As previously described, the Dodd-Frank Act eliminated the private adviser exemption and created three new exemptions for:

  • Advisers solely to venture capital funds.
  • Advisers solely to private funds with less than $150 million in assets under management in the United States.
  • Certain foreign advisers without a place of business in the United States.

The Commission is adopting rules that would implement these exemptions and define various terms.

New Exemptions

Definition of Venture Capital Fund

The Dodd-Frank Act amended the Advisers Act to exempt from registration advisers that only manage venture capital funds, and directed the Commission to define the term “venture capital fund.” The Commission is adopting a definition of “venture capital fund” that is designed to effect Congress’ intent in enacting this exemption.

Under the definition, a venture capital fund is a private fund that:

  • Invests primarily in “qualifying investments” (generally, private, operating companies that do not distribute proceeds from debt financings in exchange for the fund’s investment in the company); may invest in a “basket” of non-qualifying investments of up to 20 percent of its committed capital; and may hold certain short-term investments.
  • Is not leveraged except for a minimal amount on a short-term basis.
  • Does not offer redemption rights to its investors.
  • Represents itself to investors as pursuing a venture capital strategy.

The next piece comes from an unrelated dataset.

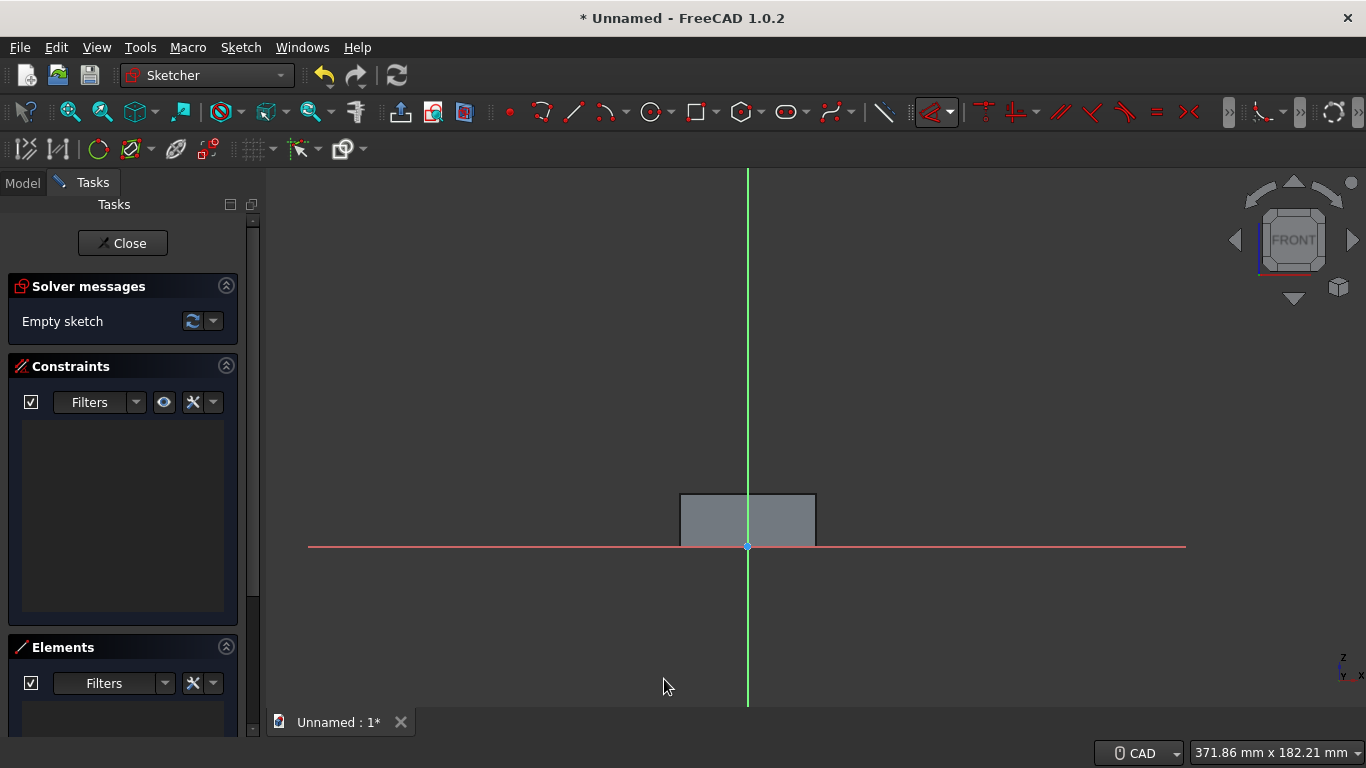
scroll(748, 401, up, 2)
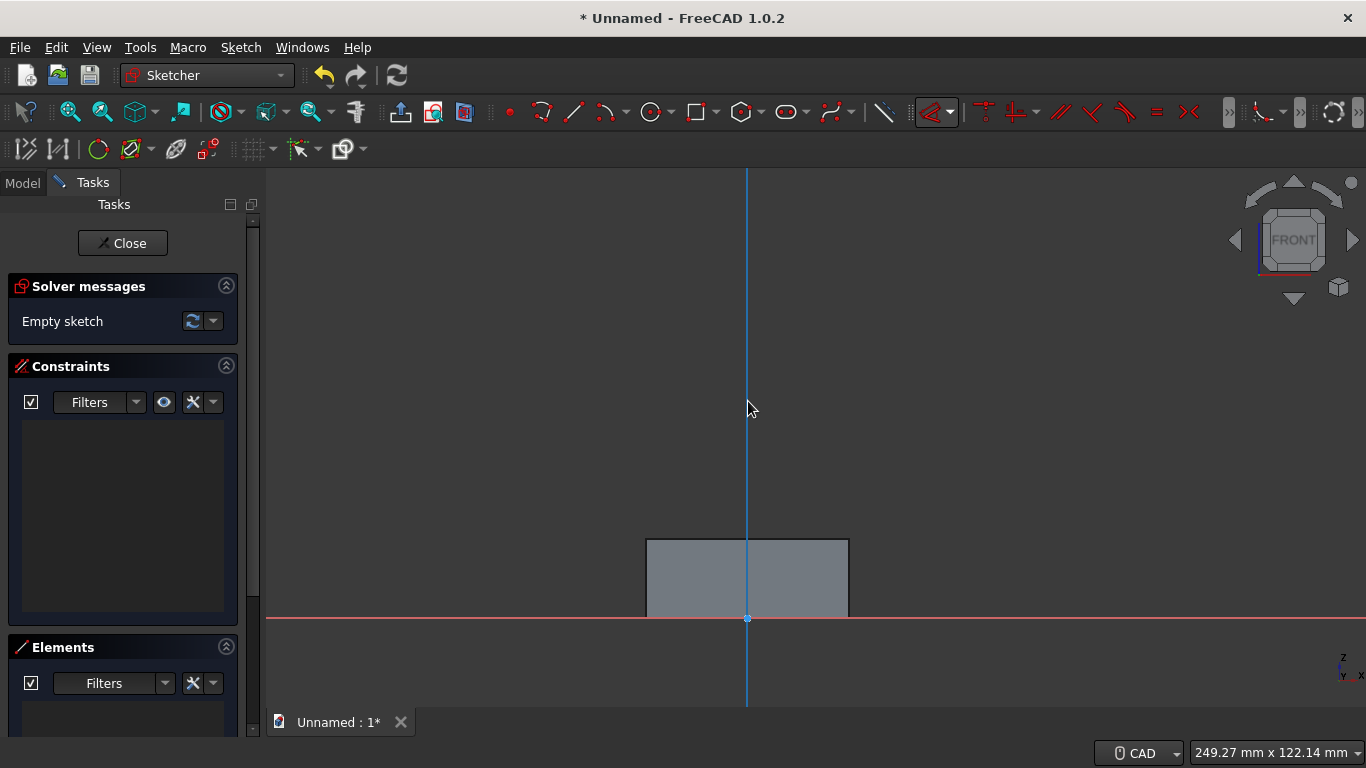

Under a grandfathering provision, funds that began raising capital by the end of 2010 and represented themselves as pursuing a venture capital strategy would generally be considered venture capital funds. The Commission is adopting this approach because it could be difficult or impossible for advisers to conform these pre-existing funds, which generally have terms in excess of 10 years, to the new definition.

Private Fund Advisers With Less Than $150 Million in Assets Under Management in U.S.

The Commission also is adopting a rule that would implement the new statutory exemption for private fund advisers with less than $150 million in assets under management in the United States. The rule largely tracks the provision of the statute.

Foreign Private Advisers

The Dodd-Frank Act also amended the Advisers Act to provide for an exemption from registration for foreign advisers that do not have a place of business in the United States, and have:

  • Less than $25 million in aggregate assets under management from U.S. clients and private fund investors.
  • Fewer than 15 U.S. clients and private fund investors.

The Commission is adopting rules to define certain terms included in the statutory definition of “foreign private adviser” in order to clarify the application of the foreign private adviser exemption and reduce the potential burdens for advisers that seek to rely on it. The rule incorporates definitions set forth in other Commission rules, all of which are likely to be familiar to foreign advisers active in the U.S. capital markets.